Da für einige pharmazeutische Wirkstoffe toxikologische Auswirkungen bekannt sind und teilweise ihre Umweltwirkung bereits nachgewiesen wurden beziehungsweise nicht ausgeschlossen werden können, rücken diese Rückstände von Mikroschadstoffen im Wasser zunehmend ins öffentliche Visier. Auf verschiedenen Ebenen wird versucht, diese Belastungen zu verringern. Auch das RWTH-Institut für Siedlungswasserwirtschaft Aachen mit dem Kurznamen ISA untersucht in diesem Rahmen Verfahren und Verfahrenskombinationen vom Labormaßstab bis hin zur Großtechnik.

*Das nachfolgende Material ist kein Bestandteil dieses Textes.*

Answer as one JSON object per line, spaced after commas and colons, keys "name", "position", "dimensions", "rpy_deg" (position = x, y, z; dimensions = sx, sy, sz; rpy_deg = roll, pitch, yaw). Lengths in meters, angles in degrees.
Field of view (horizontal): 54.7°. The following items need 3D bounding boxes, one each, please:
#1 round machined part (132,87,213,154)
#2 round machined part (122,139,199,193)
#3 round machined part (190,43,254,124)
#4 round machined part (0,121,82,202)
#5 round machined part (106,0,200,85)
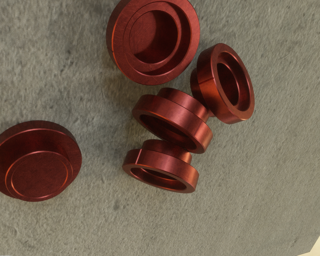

Schwerpunkte der Aachener Forschung sind die Bestimmung der Effizienz der Verfahren und der optimalen Betriebseinstellungen wie etwa Verweilzeit, Kontaktzeit oder Dosis. Auch Fragen der Prozessführung und der Integration neuartiger Verfahren in den Kläranlagenprozess stehen im Mittelpunkt. Bei Oxidationsverfahren sind beispielsweise der Ozoneintrag und eine ausreichende Reaktionszeit von großer Bedeutung für die Effizienz. Ozon ist sehr instabil, es wird erst kurz vor seiner Anwendung auf der Kläranlage erzeugt und direkt in Kontakt mit dem Abwasser gebracht.

In der Anlage Aachen-Soers begleitet das ISA wissenschaftlich die großtechnische Ozonbehandlung erstmalig mit dem gesamten Volumenstrom einer Kläranlage. Neben den ingenieurwissenschaftlichen Themen steht im Institut auch die Identifizierung von unbekannten Umwandlungsprodukten dieser Mikroschadstoffe im Fokus.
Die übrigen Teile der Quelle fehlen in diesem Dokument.